== What is required ==
An exact transcription of all the data is required, with every image removed.

[[ Data extracts open ]]

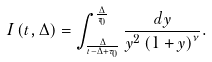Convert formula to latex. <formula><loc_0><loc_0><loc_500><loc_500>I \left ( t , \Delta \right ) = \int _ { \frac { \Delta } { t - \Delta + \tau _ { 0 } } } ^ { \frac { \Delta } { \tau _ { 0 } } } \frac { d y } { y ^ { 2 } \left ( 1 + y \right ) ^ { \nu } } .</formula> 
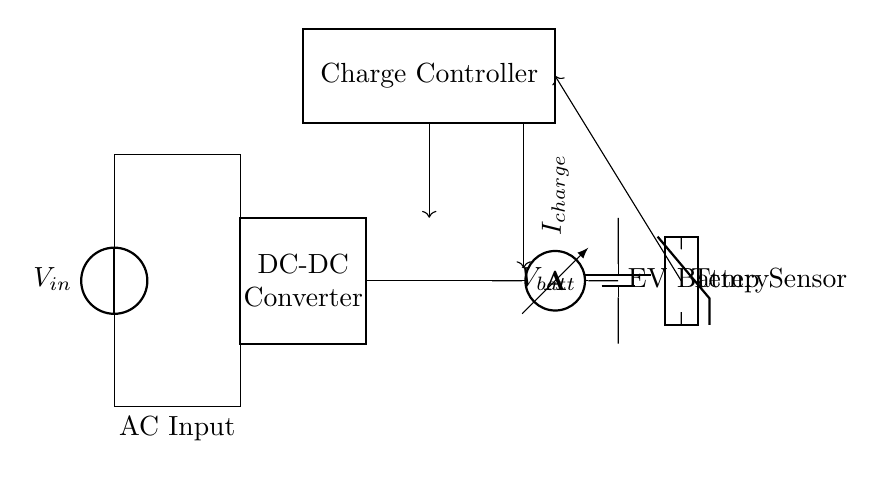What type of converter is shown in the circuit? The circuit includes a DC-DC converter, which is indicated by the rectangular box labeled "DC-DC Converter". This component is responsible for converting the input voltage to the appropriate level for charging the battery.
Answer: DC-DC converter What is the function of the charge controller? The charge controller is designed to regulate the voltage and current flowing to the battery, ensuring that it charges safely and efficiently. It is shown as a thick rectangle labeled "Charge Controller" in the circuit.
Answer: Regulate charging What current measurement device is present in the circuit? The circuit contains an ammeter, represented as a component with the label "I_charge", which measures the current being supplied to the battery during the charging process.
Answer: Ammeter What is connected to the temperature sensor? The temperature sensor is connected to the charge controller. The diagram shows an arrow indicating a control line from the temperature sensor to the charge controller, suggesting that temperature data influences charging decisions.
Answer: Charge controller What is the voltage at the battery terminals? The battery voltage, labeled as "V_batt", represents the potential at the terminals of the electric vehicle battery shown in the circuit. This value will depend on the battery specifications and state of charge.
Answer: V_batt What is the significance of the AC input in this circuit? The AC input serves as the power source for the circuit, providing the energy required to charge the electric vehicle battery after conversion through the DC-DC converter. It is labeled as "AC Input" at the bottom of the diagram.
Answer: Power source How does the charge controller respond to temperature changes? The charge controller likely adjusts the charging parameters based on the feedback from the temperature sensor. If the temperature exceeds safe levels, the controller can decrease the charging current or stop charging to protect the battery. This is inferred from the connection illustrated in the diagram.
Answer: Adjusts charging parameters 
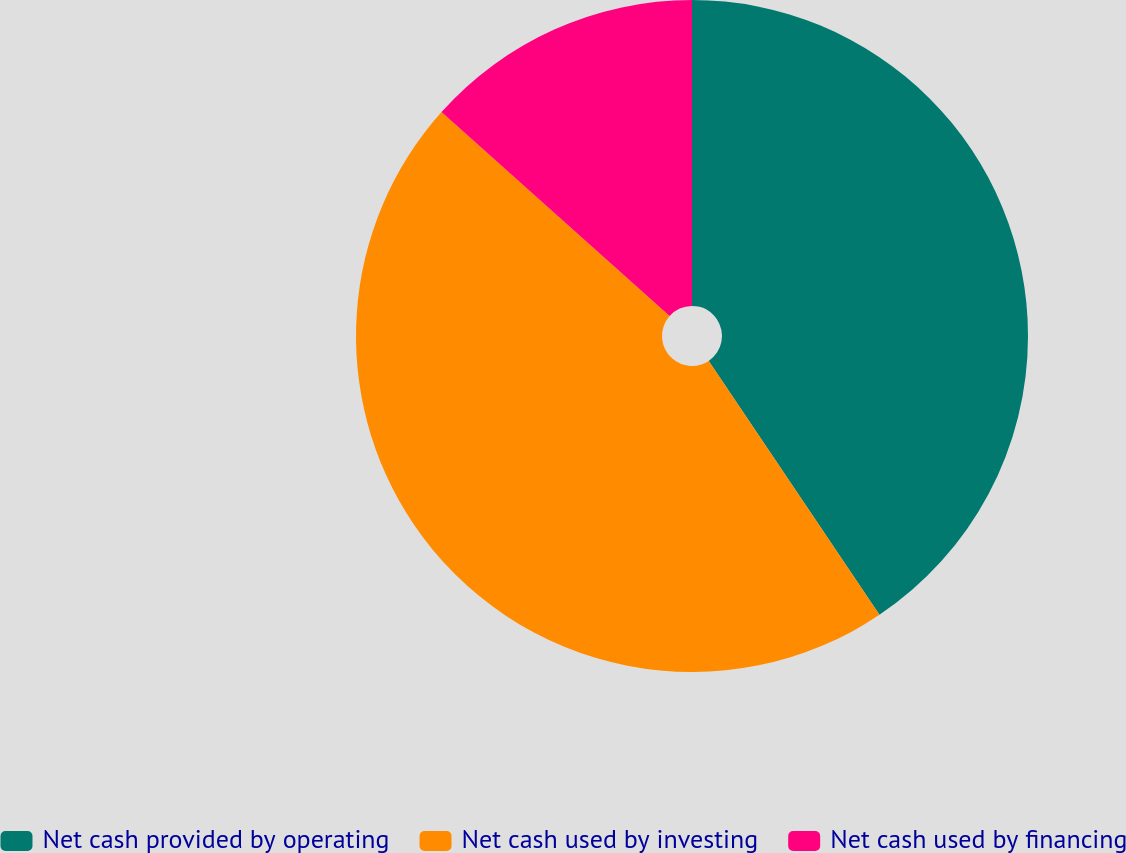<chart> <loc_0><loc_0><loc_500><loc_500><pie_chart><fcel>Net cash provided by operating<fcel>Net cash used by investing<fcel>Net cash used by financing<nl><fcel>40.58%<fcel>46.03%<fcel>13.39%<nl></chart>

[[ Data extracts closed ]]

== Task solution ==
Convert formula to latex. <formula><loc_0><loc_0><loc_500><loc_500>I \left ( t , \Delta \right ) = \int _ { \frac { \Delta } { t - \Delta + \tau _ { 0 } } } ^ { \frac { \Delta } { \tau _ { 0 } } } \frac { d y } { y ^ { 2 } \left ( 1 + y \right ) ^ { \nu } } .</formula> 
What type of converter is shown in the circuit? The circuit includes a DC-DC converter, which is indicated by the rectangular box labeled "DC-DC Converter". This component is responsible for converting the input voltage to the appropriate level for charging the battery.
Answer: DC-DC converter What is the function of the charge controller? The charge controller is designed to regulate the voltage and current flowing to the battery, ensuring that it charges safely and efficiently. It is shown as a thick rectangle labeled "Charge Controller" in the circuit.
Answer: Regulate charging What current measurement device is present in the circuit? The circuit contains an ammeter, represented as a component with the label "I_charge", which measures the current being supplied to the battery during the charging process.
Answer: Ammeter What is connected to the temperature sensor? The temperature sensor is connected to the charge controller. The diagram shows an arrow indicating a control line from the temperature sensor to the charge controller, suggesting that temperature data influences charging decisions.
Answer: Charge controller What is the voltage at the battery terminals? The battery voltage, labeled as "V_batt", represents the potential at the terminals of the electric vehicle battery shown in the circuit. This value will depend on the battery specifications and state of charge.
Answer: V_batt What is the significance of the AC input in this circuit? The AC input serves as the power source for the circuit, providing the energy required to charge the electric vehicle battery after conversion through the DC-DC converter. It is labeled as "AC Input" at the bottom of the diagram.
Answer: Power source How does the charge controller respond to temperature changes? The charge controller likely adjusts the charging parameters based on the feedback from the temperature sensor. If the temperature exceeds safe levels, the controller can decrease the charging current or stop charging to protect the battery. This is inferred from the connection illustrated in the diagram.
Answer: Adjusts charging parameters 
<chart> <loc_0><loc_0><loc_500><loc_500><pie_chart><fcel>Net cash provided by operating<fcel>Net cash used by investing<fcel>Net cash used by financing<nl><fcel>40.58%<fcel>46.03%<fcel>13.39%<nl></chart>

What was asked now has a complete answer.